So Long, McDreamy: A Wistful Look Back at Derek and Meredith’s Romance on ‘Grey’s Anatomy’
ABC
If you’re upset about the death of Derek Shepherd on Grey’s Anatomy, you’re not alone. Over 90,000 people signed a Change.org petition asking Shonda Rhimes to fix it. The language lacks the metaphors of a Meredith Grey speech and the quips of a typical Rhimes monologue, but Courtney Williams of Snellville, Georgia, makes some solid points. She speaks for thousands when she says: “You do not have someone survive a mass murderer, a plane crash, A FREAKING PLANE CRASH, AND A crushed hand, as a neurosurgeon … just to kill them off on a BEAUTIFUL DAY!! Seriously?
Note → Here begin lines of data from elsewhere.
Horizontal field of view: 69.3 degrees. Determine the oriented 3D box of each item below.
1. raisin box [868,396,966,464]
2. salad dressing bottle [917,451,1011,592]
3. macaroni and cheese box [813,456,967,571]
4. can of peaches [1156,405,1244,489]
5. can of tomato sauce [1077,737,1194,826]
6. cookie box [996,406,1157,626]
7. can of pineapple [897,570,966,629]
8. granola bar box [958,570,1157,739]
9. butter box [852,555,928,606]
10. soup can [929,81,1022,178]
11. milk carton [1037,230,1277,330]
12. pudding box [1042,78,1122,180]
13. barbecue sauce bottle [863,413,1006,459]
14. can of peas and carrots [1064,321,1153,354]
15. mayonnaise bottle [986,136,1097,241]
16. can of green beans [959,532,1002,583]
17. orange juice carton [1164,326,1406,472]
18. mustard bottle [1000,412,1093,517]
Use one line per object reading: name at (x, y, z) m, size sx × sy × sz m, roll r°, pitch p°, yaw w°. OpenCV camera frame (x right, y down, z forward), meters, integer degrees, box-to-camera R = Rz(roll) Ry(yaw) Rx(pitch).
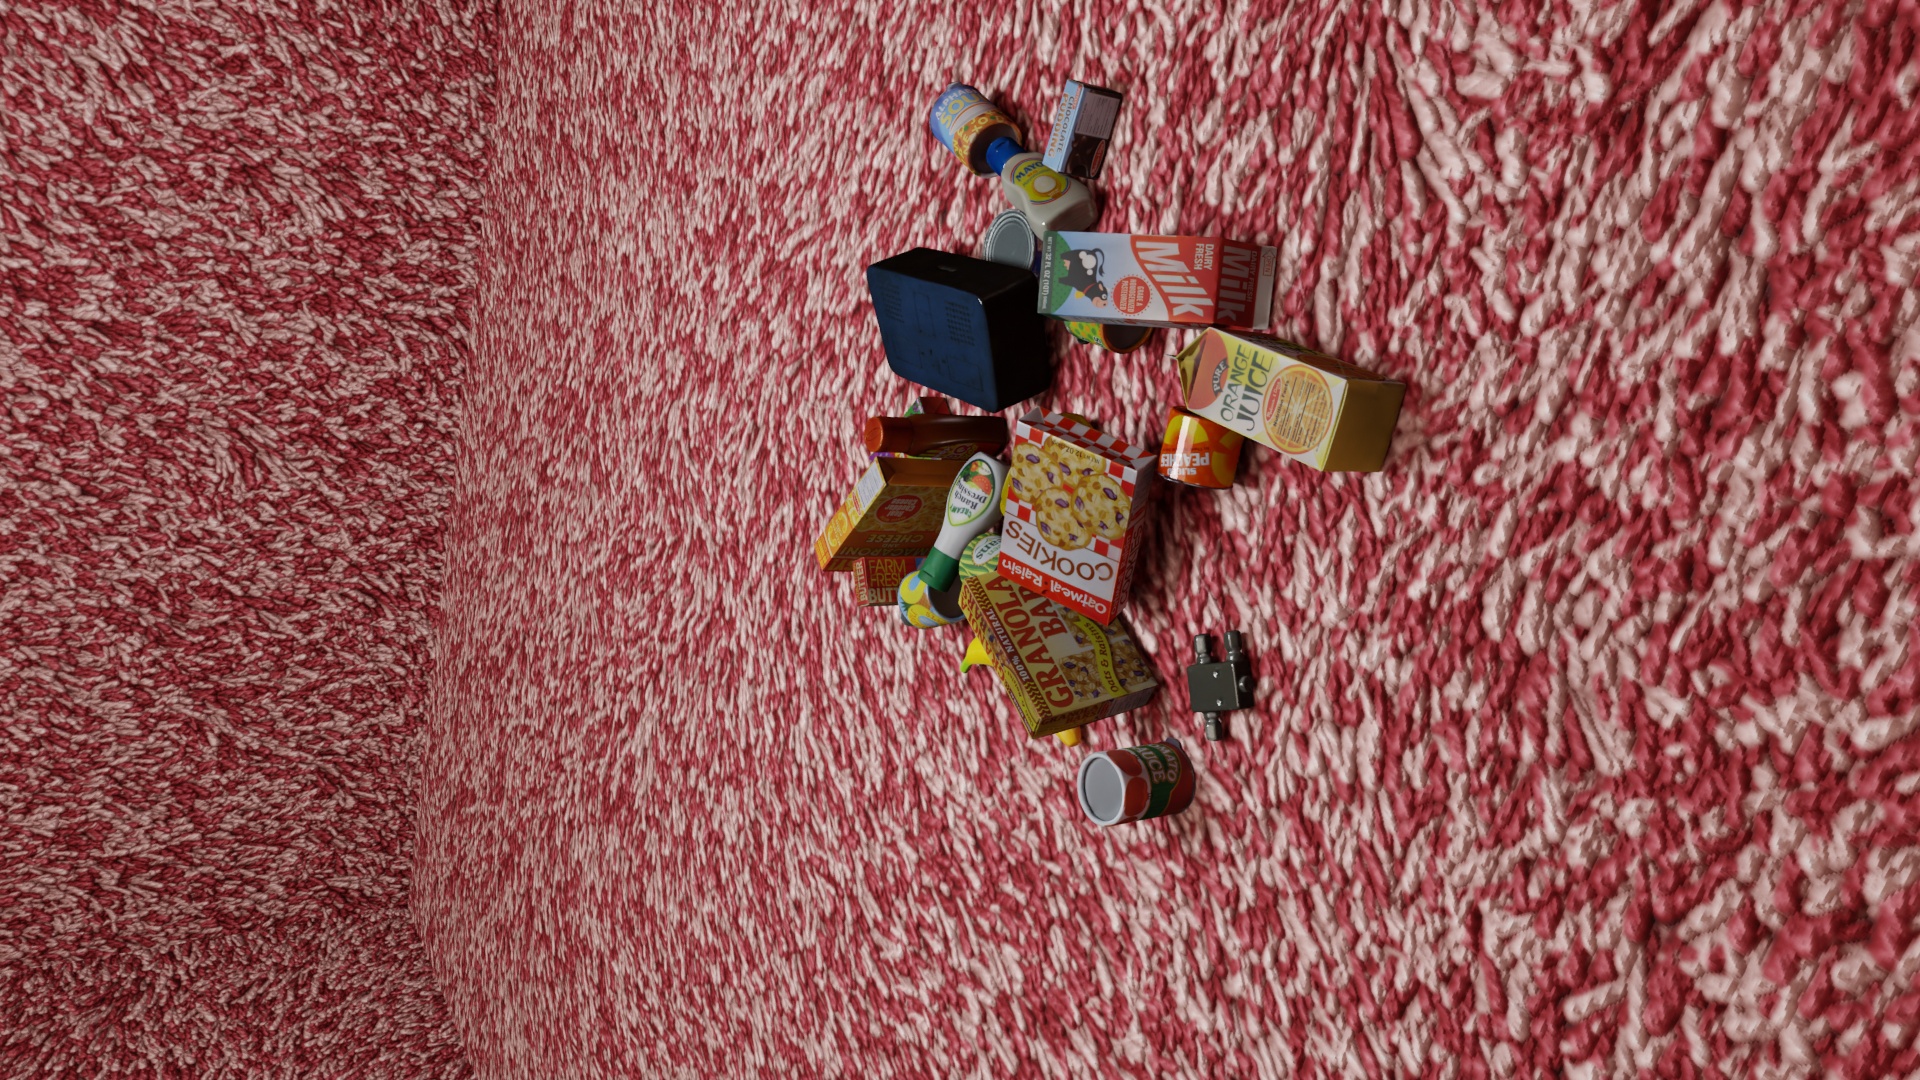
raisin box at (-0.049, -0.092, 1.556) m, size 0.122 × 0.040 × 0.086 m, roll -46°, pitch 56°, yaw 43°
salad dressing bottle at (0.005, -0.018, 1.439) m, size 0.064 × 0.044 × 0.147 m, roll 32°, pitch 98°, yaw 34°
macaroni and cheese box at (-0.069, -0.026, 1.513) m, size 0.165 × 0.124 × 0.040 m, roll -50°, pitch 50°, yaw 43°
can of peaches at (0.203, -0.079, 1.176) m, size 0.071 × 0.071 × 0.058 m, roll 29°, pitch 113°, yaw 50°
can of tomato sauce at (0.156, 0.215, 1.237) m, size 0.071 × 0.083 × 0.071 m, roll 3°, pitch 94°, yaw 54°
cookie box at (0.100, -0.020, 1.246) m, size 0.123 × 0.040 × 0.166 m, roll 25°, pitch 128°, yaw 25°
can of pineapple at (-0.026, 0.062, 1.502) m, size 0.057 × 0.071 × 0.071 m, roll -18°, pitch 77°, yaw 53°
granola bar box at (0.088, 0.095, 1.292) m, size 0.166 × 0.124 × 0.038 m, roll 61°, pitch 152°, yaw 34°
butter box at (-0.067, 0.045, 1.530) m, size 0.024 × 0.104 × 0.053 m, roll -19°, pitch 75°, yaw 53°
soup can at (0.015, -0.424, 1.432) m, size 0.084 × 0.071 × 0.071 m, roll 53°, pitch 131°, yaw 39°
milk carton at (0.168, -0.219, 1.176) m, size 0.190 × 0.073 × 0.072 m, roll 7°, pitch 95°, yaw 16°
pudding box at (0.115, -0.387, 1.311) m, size 0.030 × 0.050 × 0.083 m, roll 43°, pitch 125°, yaw 47°
barbecue sauce bottle at (-0.028, -0.108, 1.431) m, size 0.064 × 0.149 × 0.044 m, roll -27°, pitch 69°, yaw 51°
can of peas and carrots at (0.136, -0.207, 1.270) m, size 0.059 × 0.071 × 0.070 m, roll 33°, pitch 117°, yaw 49°
mayonnaise bottle at (0.073, -0.348, 1.362) m, size 0.148 × 0.065 × 0.041 m, roll 55°, pitch 176°, yaw 40°
can of green beans at (0.040, 0.031, 1.410) m, size 0.058 × 0.071 × 0.071 m, roll 32°, pitch 116°, yaw 50°
orange juice carton at (0.250, -0.120, 1.108) m, size 0.193 × 0.072 × 0.072 m, roll 34°, pitch 118°, yaw 49°
mustard bottle at (0.075, -0.059, 1.364) m, size 0.049 × 0.065 × 0.159 m, roll 62°, pitch 140°, yaw 26°

SERIOUSLY SHONDA?! SERIOUSLY MS. RHIMES!?!?!?!?!” Seriously. After 11 seasons, most of the original cast is off the series, and even beloved second-wave characters like Mark Sloan, Addison Montgomery-Shepherd, and Lexie Grey have come and gone. For those of us still watching, Derek and Meredith were the constants, and their relationship was part of the show’s DNA. Its evolution allowed the characters and the show to grow up. Killing off Derek is not just emotionally devastating for the viewers, as Ms. Williams has so eloquently conveyed — it also eliminates an element of what makes Grey’s Anatomy worth watching.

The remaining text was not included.